Technology and its improvements are widely used by cardiologists today. However, technology's wide use and its understanding to benefit patients still remain a daily challenge. This has led to the creation of a sub-speciality within cardiology, so that only certain cardiologists habitually handle certain types of technology. However, we all must understand technology up to a certain level and, in particular, cardiologists in training should obtain a basic knowledge about it. These thoughts have a special importance regarding implantable devices. Therefore, it is greatly appreciated when a book provides information about the bases of treatments with implantable devices available to general cardiologists and cardiologists in training. This is the case of the book edited by C. Moro Serrano and A. Hernández Madrid.

This text lies halfway between the treatment of grand theoretical pretensions and a manual purely concerning daily practice. The book presents 30 chapters in 299 pages, each chapter signed by a group of authors, and the contributions from engineers that work for the different companies of the sector stand out. This allows for each chapter to focus on very concrete issues, with a perspective that is never rhetoric, getting to the point of each question considered. Without a doubt, the work of the editors carried out behind the scenes is noticeable in this aspect, who very probably demanded the authors to be concrete in each chapter. The editors' work is also evident in one of the most important aspects of the entire book in my opinion: the great amount of figures as diagrams to clarify doubts, electrocardiograph images, and examples of signals obtained from the devices themselves, all of them especially needed to understand a topic with such technological content. Some of the diagrams could use different colours, but it is likely that the austerity of the black and white was chosen to reduce costs and make the book more affordable.

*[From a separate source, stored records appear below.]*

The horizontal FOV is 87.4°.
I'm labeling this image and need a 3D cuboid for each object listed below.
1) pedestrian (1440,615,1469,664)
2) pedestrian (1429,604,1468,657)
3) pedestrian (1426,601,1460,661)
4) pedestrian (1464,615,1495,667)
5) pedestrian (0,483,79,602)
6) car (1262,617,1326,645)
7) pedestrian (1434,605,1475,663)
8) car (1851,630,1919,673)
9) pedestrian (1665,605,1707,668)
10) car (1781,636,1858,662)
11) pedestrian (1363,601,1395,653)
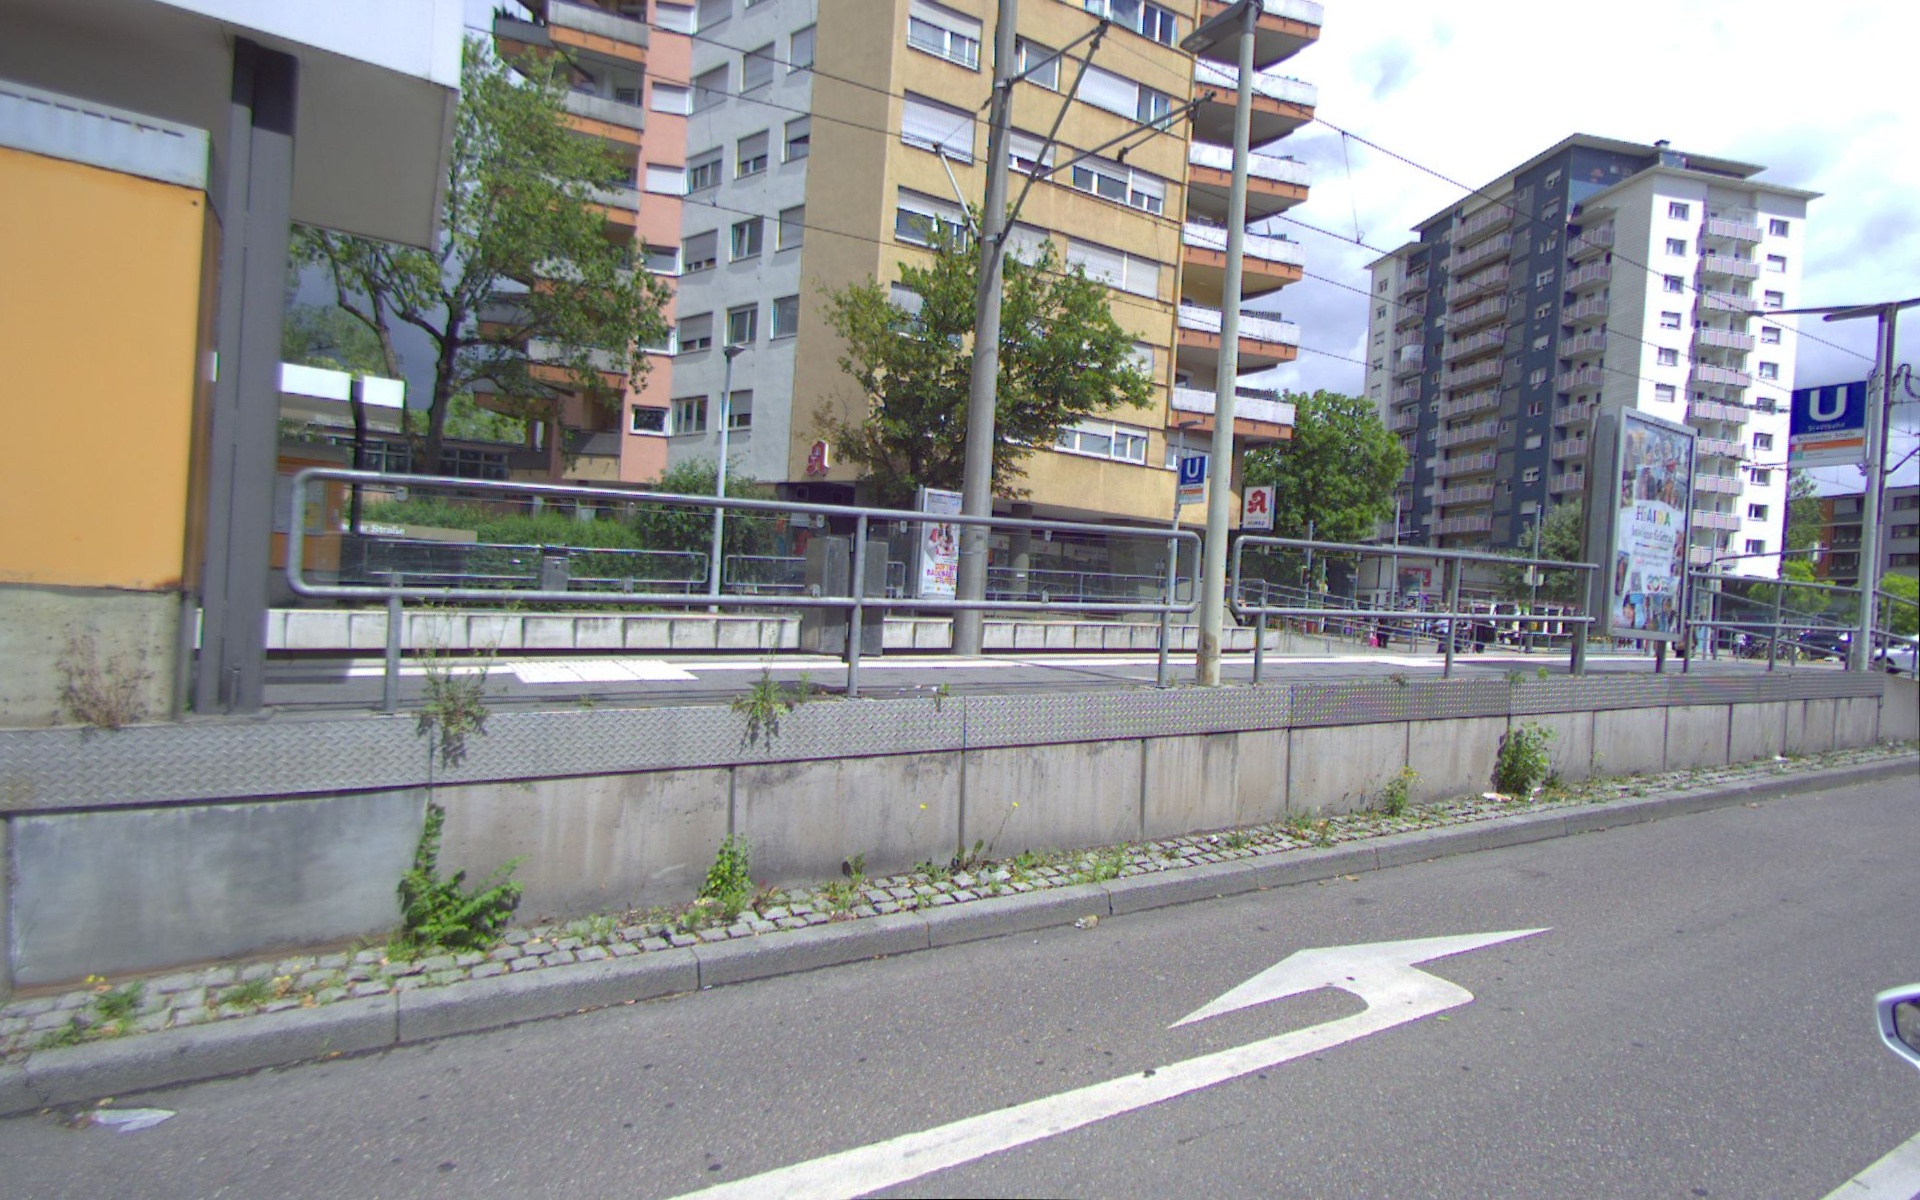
[{"bbox_3d":[14.068,1.116,28.584,0.543,1.360,0.669,2,0,12],"label":"pedestrian"},{"bbox_3d":[15.312,0.947,31.486,0.615,1.599,0.855,1,0,-25],"label":"pedestrian"},{"bbox_3d":[14.410,0.915,29.995,0.668,1.729,0.827,2,0,10],"label":"pedestrian"},{"bbox_3d":[14.257,1.115,27.555,0.677,1.360,0.859,2,0,30],"label":"pedestrian"},{"bbox_3d":[-10.141,-0.611,11.048,0.511,1.253,0.739,1,0,-29],"label":"pedestrian"},{"bbox_3d":[21.693,1.971,65.278,1.726,1.702,3.661,2,-1,-33],"label":"car"},{"bbox_3d":[14.981,1.022,30.439,0.681,1.719,0.853,1,0,-30],"label":"pedestrian"},{"bbox_3d":[37.028,1.996,38.165,1.929,1.546,4.533,2,0,-40],"label":"car"},{"bbox_3d":[19.412,0.964,26.869,0.630,1.654,0.698,1,-1,-29],"label":"pedestrian"},{"bbox_3d":[56.470,3.187,66.014,1.602,1.482,3.576,2,0,-38],"label":"car"},{"bbox_3d":[13.235,0.858,31.743,0.759,1.604,0.610,2,0,6],"label":"pedestrian"}]

Regarding the distribution of the content, the largest part of the book is dedicated to anti-bradycardia pacing, the most conventional pace-makers, that make up more than two thirds of the content of the book; the remaining third including content on implantable defibrillators and cardiac resynchronization. However, this asymmetry could even be appreciated, as general cardiologists have undoubtedly a greatest contact with pacemakers, since defibrillators and resynchronization devices are usually handled by specialised units for arrhythmias and heart failure. The 21 chapters dedicated to anti-bradycardia pacing cover from classical unresolved topics such as the physical fundaments of pacing, batteries and sensors, to completely clinical content including the established indications, neurally mediated syncope or the therapeutic ablation of the atrial-ventricular node, and mixed contents such as types of pacing and pacemaker malfunction. The section dedicated to cardiac resynchronization, although smaller, includes superb chapters dedicated to indications, results and follow-up. Other similar chapters, also with indications, results and follow-up, are included in the more limited section dedicated to implantable defibrillators.

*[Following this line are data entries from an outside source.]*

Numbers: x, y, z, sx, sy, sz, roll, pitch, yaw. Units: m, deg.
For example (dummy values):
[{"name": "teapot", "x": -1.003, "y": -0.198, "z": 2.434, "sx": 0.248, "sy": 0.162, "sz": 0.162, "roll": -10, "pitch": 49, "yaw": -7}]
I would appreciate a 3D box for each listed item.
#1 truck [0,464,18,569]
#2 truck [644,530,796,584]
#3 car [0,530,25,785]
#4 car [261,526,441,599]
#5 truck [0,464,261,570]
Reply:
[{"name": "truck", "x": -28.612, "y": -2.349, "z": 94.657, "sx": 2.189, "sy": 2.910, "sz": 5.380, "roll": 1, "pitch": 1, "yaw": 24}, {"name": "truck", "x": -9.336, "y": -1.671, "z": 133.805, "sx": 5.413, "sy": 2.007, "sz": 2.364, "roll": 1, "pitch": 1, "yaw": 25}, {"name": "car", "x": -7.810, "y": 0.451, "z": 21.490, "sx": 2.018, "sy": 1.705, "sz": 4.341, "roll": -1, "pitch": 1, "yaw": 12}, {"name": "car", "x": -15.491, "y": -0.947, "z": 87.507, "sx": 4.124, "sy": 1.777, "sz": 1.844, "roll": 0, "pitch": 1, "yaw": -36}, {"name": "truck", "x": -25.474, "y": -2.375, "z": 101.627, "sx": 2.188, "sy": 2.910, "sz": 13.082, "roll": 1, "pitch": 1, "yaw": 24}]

Overall, it is a concrete and focused study addressed to pacemakers rather than to other implantable devices, which successfully aims to clarify the bases and use of implantable devices, avoiding technical terms inaccessible for general cardiologists and using abundant diagrams and figures. The lack of publications of this type written in Spanish adds a special interest to this book, which will probably become a useful guide for cardiologists in training and a frequent source of consultation for general cardiologists and arrhythmia implant specialists. It will undoubtedly be very welcomed in our hospitals, outpatient departments and libraries.